A Blog Around The Clock

Jane – the Journal/Author Name Estimator

Advertisements

Jane is the cool new tool that everyone is talking about – see the commentary on The Tree of Life, on Nature Network and on Of Two Minds.
In short, the Journal/Author Name Estimator is a website where you can type in some text and see which scientific Journal has the content closest to the text you input, as well as people who published on similar topics. If you click on “Show extra options” you can narrow your search by a few criteria, e.g., you can search only Open Access journals.
The idea is to discover journals to which you can submit your work. Most people know the journals available for their stuff, but this is the way to discover new journals, see which are Green or Gold OA, or find a place for a manuscript that has already been rejected by all of your usual venues 😉
Another use is for editors of broad-topic journals, to find relevant referees for the incoming manuscripts.
So, I did first the obvious test of the site – I copied and pasted the abstract of one of my papers. It gave the correct journal at 100% confidence, and all four co-authors at equal split of 25%. So, it works in that way.
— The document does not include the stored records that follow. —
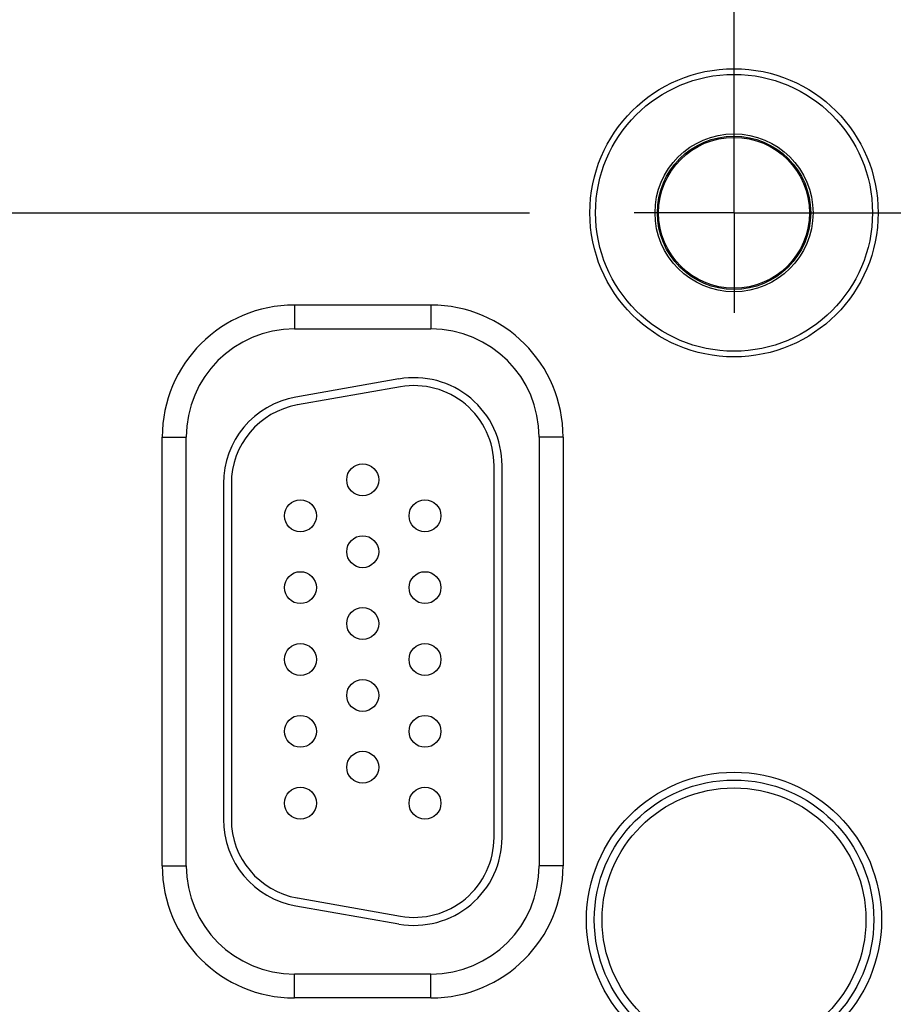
# Model space of a CAD drawing. Header units: inches. Extents: x 0 to 34, y 0 to 22.
# Tile 43 of 124: x 15 to 16.1, y 14.5 to 15.8. Entities that reach past the tile are written whole.
import ezdxf

# ---------------------------------------------------------------- set-up
doc = ezdxf.new("R2010")
doc.units = ezdxf.units.IN
doc.header["$LTSCALE"] = 1.87
doc.header["$MEASUREMENT"] = 0
doc.linetypes.add('CENTER', pattern=[0.6, 0.375, -0.075, 0.075, -0.075])
doc.layers.get('0').update_dxf_attribs({"linetype": 'CONTINUOUS'})
for name, color, linetype in [('02___PRT_ALL_AXES', 7, 'CONTINUOUS'), ('DETAIL', 7, 'CONTINUOUS'), ('DIMENSIONS', 7, 'CONTINUOUS')]:
    doc.layers.add(name, color=color, linetype=linetype)
doc.styles.get("Standard").update_dxf_attribs({"font": 'txt', "width": 0.8})
doc.dimstyles.new('DIMSTYLE_1', dxfattribs={"dimtxt": 0.125, "dimasz": 0.18, "dimexe": 0.125, "dimexo": 0.0625, "dimgap": 0.09, "dimtad": 0, "dimtih": 1, "dimtoh": 1, "dimzin": 4, "dimdsep": 46, "dimtxsty": 'STANDARD', "dimblk": '_FILLED', "dimblk1": '_FILLED', "dimblk2": '_FILLED', "dimcen": 0.09, "dimadec": 0, "dimazin": 0, "dimtp": 0.01, "dimtm": 0.01, "dimtfac": 1, "dimtofl": 0, "dimtmove": 0, "dimatfit": 3, "dimldrblk": '_FILLED', "dimfxl": 1, "dimtolj": 1, "dimtzin": 4, "dimarcsym": 0})
doc.dimstyles.new('DIMSTYLE_2', dxfattribs={"dimtxt": 0.125, "dimasz": 0.18, "dimexe": 0.125, "dimexo": 0.0625, "dimgap": 0.09, "dimtad": 0, "dimtih": 1, "dimtoh": 1, "dimdec": 3, "dimzin": 4, "dimdsep": 46, "dimtxsty": 'STANDARD', "dimblk": '_FILLED', "dimblk1": '_FILLED', "dimblk2": '_FILLED', "dimcen": 0.09, "dimadec": 0, "dimazin": 0, "dimtp": 0.01, "dimtm": 0.01, "dimtfac": 1, "dimtdec": 3, "dimtofl": 0, "dimtmove": 0, "dimatfit": 3, "dimldrblk": '_FILLED', "dimfxl": 1, "dimtolj": 1, "dimtzin": 4, "dimarcsym": 0})

# ---------------------------------------------------------------- blocks, each defined once
blk = doc.blocks.new('*D24')
at = {"layer": 'DIMENSIONS', "color": 2, "linetype": 'CONTINUOUS'}
blk.add_line((15.9513, 15.5126), (17.9478, 15.5126), dxfattribs=at)
at = {"layer": 'DIMENSIONS', "color": 2, "linetype": 'CONTINUOUS', "insert": (18.0103, 15.5751), "char_height": 0.125, "width": 1.325, "attachment_point": 1, "rotation": 0, "line_spacing_factor": 0.9}
blk.add_mtext('1.848{\\Ftxt.shx;\\W1.000000;\\H0.125000; }[46.94]', dxfattribs=at)
blk = doc.blocks.new('_FILLED')
at = {"color": 0, "linetype": 'BYBLOCK'}
blk.add_solid([(0, 0), (-1, 0.1736), (-1, -0.1736)], dxfattribs=at)
blk = doc.blocks.new('*D29')
at = {"layer": 'DIMENSIONS', "color": 2, "linetype": 'CONTINUOUS'}
blk.add_line((15.8888, 15.5751), (15.8888, 18.0491), dxfattribs=at)
at = {"layer": 'DIMENSIONS', "color": 2, "linetype": 'CONTINUOUS', "insert": (15.8263, 18.1116), "char_height": 0.125, "width": 1.025, "attachment_point": 1, "rotation": 90, "line_spacing_factor": 0.9}
blk.add_mtext('9.53{\\Ftxt.shx;\\W1.000000;\\H0.125000; }[242]', dxfattribs=at)

msp = doc.modelspace()

# ---------------------------------------------------------------- linework, layer by layer
at = {"color": 7, "linetype": 'CONTINUOUS'}
for p, q in [((15.3383, 15.3972), (15.5093, 15.3972)), ((15.3383, 15.3972), (15.3383, 15.3672)), ((15.5093, 15.3972), (15.5093, 15.3672)), ((15.3383, 15.3672), (15.5093, 15.3672)), ((15.4692, 15.3045), (15.3402, 15.2817)), ((15.471, 15.2946), (15.342, 15.2719)), ((15.1728, 15.2316), (15.2028, 15.2316)), ((15.1728, 14.6946), (15.1728, 15.2316)), ((15.2028, 14.6946), (15.2028, 15.2316)), ((15.6749, 15.2316), (15.6449, 15.2316)), ((15.6449, 15.2316), (15.6449, 14.6946)), ((15.6749, 15.2316), (15.6749, 14.6946)), ((15.5883, 14.7301), (15.5883, 15.1961)), ((15.5983, 14.7301), (15.5983, 15.1961)), ((15.2493, 15.1734), (15.2493, 14.7529)), ((15.2593, 15.1734), (15.2593, 14.7529)), ((15.1728, 14.6946), (15.2028, 14.6946)), ((15.6749, 14.6946), (15.6449, 14.6946)), ((15.342, 14.6544), (15.471, 14.6317)), ((15.3402, 14.6446), (15.4692, 14.6218)), ((15.5093, 14.5591), (15.3383, 14.5591)), ((15.3383, 14.5291), (15.3383, 14.5591)), ((15.5093, 14.5291), (15.5093, 14.5591)), ((15.5093, 14.5291), (15.3383, 14.5291))]:
    msp.add_line(p, q, dxfattribs=at)
for centre, radius in [((15.8888, 15.5126), 0.1805), ((15.8888, 15.5126), 0.1734), ((15.8888, 15.5126), 0.0989), ((15.8888, 15.5126), 0.096), ((15.8888, 15.5126), 0.0945), ((15.4238, 15.1781), 0.02), ((15.3458, 15.1331), 0.02), ((15.5018, 15.1331), 0.02), ((15.4238, 15.0881), 0.02), ((15.3458, 15.0431), 0.02), ((15.5018, 15.0431), 0.02), ((15.4238, 14.9981), 0.02), ((15.3458, 14.9531), 0.02), ((15.5018, 14.9531), 0.02), ((15.4238, 14.9081), 0.02), ((15.3458, 14.8631), 0.02), ((15.5018, 14.8631), 0.02), ((15.4238, 14.8181), 0.02), ((15.8888, 14.6271), 0.1848), ((15.8888, 14.6271), 0.175), ((15.3458, 14.7731), 0.02), ((15.5018, 14.7731), 0.02), ((15.8888, 14.6271), 0.1652)]:
    msp.add_circle(centre, radius, dxfattribs=at)
for centre, radius, start, end in [((15.3383, 15.2316), 0.1655, 90, 180), ((15.5093, 15.2316), 0.1655, 0, 90), ((15.3383, 15.2316), 0.1355, 90, 180), ((15.5093, 15.2316), 0.1355, 0, 90), ((15.4883, 15.1961), 0.11, 0, 100), ((15.4883, 15.1961), 0.1, 0, 100), ((15.3593, 15.1734), 0.11, 100, 180), ((15.3593, 15.1734), 0.1, 100, 180), ((15.3593, 14.7529), 0.11, 180, 260), ((15.3593, 14.7529), 0.1, 180, 260), ((15.4883, 14.7301), 0.11, 260, 360), ((15.4883, 14.7301), 0.1, 260, 360), ((15.3383, 14.6946), 0.1655, 180, 270), ((15.3383, 14.6946), 0.1355, 180, 270), ((15.5093, 14.6946), 0.1655, 270, 360), ((15.5093, 14.6946), 0.1355, 270, 360)]:
    msp.add_arc(centre, radius, start, end, dxfattribs=at)
at = {"layer": '02___PRT_ALL_AXES', "color": 7, "linetype": 'CENTER'}
for q in [(15.8888, 15.6377), (15.7637, 15.5126), (16.0139, 15.5126), (15.8888, 15.3875)]:
    msp.add_line((15.8888, 15.5126), q, dxfattribs=at)
at = {"layer": 'DETAIL', "color": 2, "linetype": 'CENTER'}
msp.add_line((10.4433, 15.5116), (15.763, 15.5126), dxfattribs=at)

# ---------------------------------------------------------------- dimensions: what is measured, and where the dimension line sits
at = {"layer": 'DIMENSIONS', "color": 2, "linetype": 'CONTINUOUS'}
for feature_location, offset, dtype, origin, dimstyle, picture, middle in [((15.8888, 15.5751), (0, 2.474), 1, (6.3607, 15.5126), 'DIMSTYLE_1', '*D29', (15.8888, 18.6241)), ((15.9513, 15.5126), (1.9965, 0), 0, (15.8888, 17.3607), 'DIMSTYLE_2', '*D24', (18.6728, 15.5126))]:
    dim = msp.add_ordinate_dim(feature_location=feature_location, offset=offset, dtype=dtype, origin=origin, dimstyle=dimstyle, override={"dimtad": 1, "dimtih": 0, "dimtoh": 0}, dxfattribs=at)
    dim.commit()
    dim.dimension.update_dxf_attribs({"geometry": picture, "text_midpoint": middle})

doc.saveas('drawing.dxf')

The other people mentioned down the list are also relevant researchers who would be appropriate for reviewing such a mansucript.
Then I copied and pasted a small chunk from my unpublished dissertation and got a list of potential reviewers that was pretty much perfect – people I’d suggest if asked.
Then, I typed in a bunch of terms that I know occur frequently in PLoS ONE in different papers, all mixed up – and PLoS ONE came up high on the list (and first among OA journals). So far so good.
Apparently, if you paste non-scientific text, you always get Harvard Business Review – they’ll take anything silly. Figures.
So, what would you use it for? Is it useful?